Reactions: Winner 2 | Funny 1


----------



## BumbleBee (2/9/15)

"A new cloud sucking device engineered to combat the global climate change brought on by vaping"

Reactions: Like 3


----------



## TommyL (2/9/15)

"Got me some of dat dere' Mike's mega mixes man"

Reactions: Like 1


----------



## Smoky Jordan (2/9/15)

"Look the vape meet has begun"

Reactions: Like 2 | Winner 1


----------



## Alex (2/9/15)

Statuesque Clouds

Reactions: Like 1


----------



## MetalGearX (2/9/15)

"Vapemediaz - The god of vape"

Reactions: Like 1


----------



## SAVapeGear (2/9/15)

"" Let's Bring the People Some Rain ""

Reactions: Like 1


----------



## Dubz (2/9/15)

"Look - I'm a steam engine".

Reactions: Like 1


----------



## Andre (2/9/15)

"Cloud Olympics"

Reactions: Like 2 | Winner 3


----------



## VapingSquid (2/9/15)

"And clouds there shall be."

Reactions: Like 1


----------



## JakesSA (2/9/15)

"Mods of the Gods"

Reactions: Like 3


----------



## Noddy (3/9/15)

"Mike's Mega Mixes - The god's first choice for cloud production!"


----------



## skola (3/9/15)

"And on the first day He said, Let there be Clouds!!"

Reactions: Like 1


----------



## Andre (3/9/15)

"Game of Clouds"


----------



## acorn (3/9/15)



Reactions: Winner 2


----------



## Riaz (3/9/15)



Reactions: Like 1 | Winner 1


----------



## Lushen (3/9/15)

"Age old vaping, from the Gods to the followers"


----------



## Mike (3/9/15)

Gonna be way tougher to pick a winner than I expected. Excellent stuff so far everyone!!!

Reactions: Like 1


----------



## Riaz (3/9/15)

I just had to do this one also LOL

Reactions: Funny 1


----------



## Cave Johnson (3/9/15)

"The Vapers Battle Cry Signals the Beginning of the Cloud Blowing Olympics"

Reactions: Like 1


----------



## mohammed seedat (3/9/15)

" Ànd these mortals think clouds form through evaporation ha ha ha "

Reactions: Like 1


----------



## Yoda (3/9/15)

Riaz said:


> View attachment 34954


Thats my line.... Jokes good one!!!


----------



## Yoda (3/9/15)

" MIKE's MEGA MIXES - Preferred by Angels since the dawn of time, a classic for the ages!"

Reactions: Like 1


----------



## IcedVape (3/9/15)

So you think you can Vape?

Sent from my GT-I9300 using Tapatalk


----------



## acorn (3/9/15)

another one...

Reactions: Like 2


----------



## Alex_123 (3/9/15)

"Keep sucking, till the clouds come"-www.mmm.com


----------



## zadiac (3/9/15)

"Beat this, bitches"

Reactions: Funny 1


----------



## Yiannaki (3/9/15)

"Dost thou even cloud?"

Reactions: Like 3 | Winner 1 | Funny 1


----------



## Muammar Williams (3/9/15)

" Greek Gods - Original CloudChasers"


----------



## Silver (4/9/15)

Am just going to leave these two interesting snippets here about the Greek Sky and Weather Gods

NEPHELAE (Nephelai) The nymphs of the clouds. They were daughters of the earth-encircling, river Oceanus from whose waters they drew the rain.

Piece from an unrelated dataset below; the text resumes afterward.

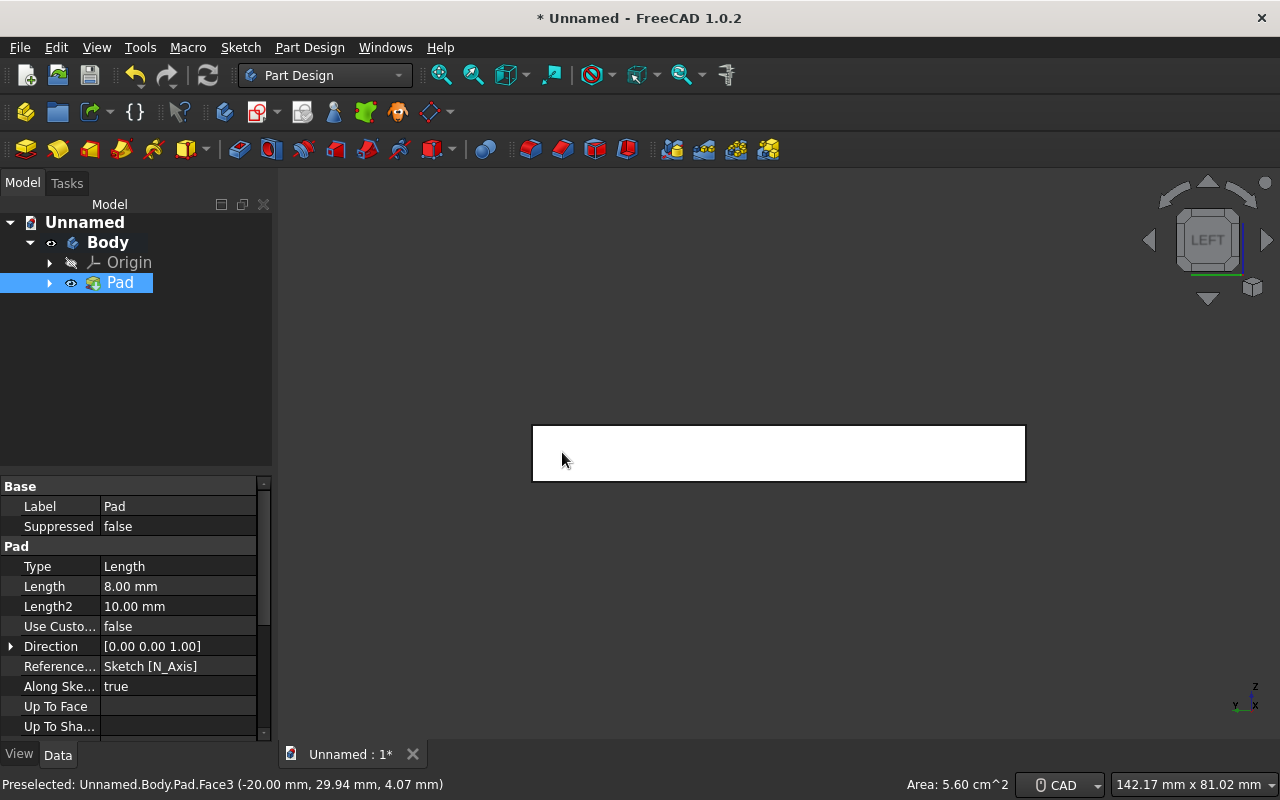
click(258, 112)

ZEUS The King of the Gods and the ruler of the heavens. He was the god of clouds, rain, thunder and lightning.

Source: http://www.theoi.com/greek-mythology/sky-gods.html

Reactions: Like 1 | Winner 1


----------



## acorn (4/9/15)

Last one... (Came to me this morning after my Nic/ Caffeine kick.)

*"Mike's Mega Mixes, Blowing up a Storm"*

Reactions: Winner 1


----------



## Alex (4/9/15)

Storm god


----------



## hyphen (5/9/15)



Reactions: Like 2


----------



## MoeB786 (5/9/15)

Decadent Sunset Custard


----------



## Christos (5/9/15)

Is it just me or does that cloud have the resemblance of a warthog? 

I'm going with "VLAKVARK".

Reactions: Funny 2


----------



## acorn (5/9/15)

I Lied, this is the last one...

Reactions: Like 2


----------



## Lushen (5/9/15)

Another try 
"Cloud Chasers"


----------



## kelly22 (5/9/15)

BLOW ME!

Sent from my SM-N9005 using Tapatalk


----------



## Christos (5/9/15)

kelly22 said:


> BLOW ME!
> 
> Sent from my SM-N9005 using Tapatalk


What about blow me VLAKVARK 
Or more correctly blow me a VLAKVARK


----------



## Chris du Toit (6/9/15)

"VAPE ENVY" seeing as the main dude blowing up a rainstorm looks like he's shunting one guy away to the left and the other little guy seems like he is crying to the right of the pic

Reactions: Funny 1


----------



## vaporbud77 (6/9/15)

"Salpinx of the clouds" 

Sent from my SM-N910F using Tapatalk


----------



## Achmat89 (6/9/15)

Nephele = cloud nymph
Latin

Reactions: Like 1


----------



## Fransvr (6/9/15)

"Need we say more?"

Sent from my GT-I9190 using Tapatalk


----------



## method1 (6/9/15)



Reactions: Funny 1


----------



## element0709 (6/9/15)

This is Clouping!!! With Max VG yo!

Sent from my SM-G925F using Tapatalk


----------



## method1 (6/9/15)

I call this one the squonk trilogy:


----------



## Nick (6/9/15)

"Guys check this out... I have hooked up my vuvuzala to my eleaf 100 watt.. chucking some big clouds with this Custa Nise juice from MMM"

Reactions: Like 1


----------



## VapeGrrl (7/9/15)

This is really going to be a difficult decision. 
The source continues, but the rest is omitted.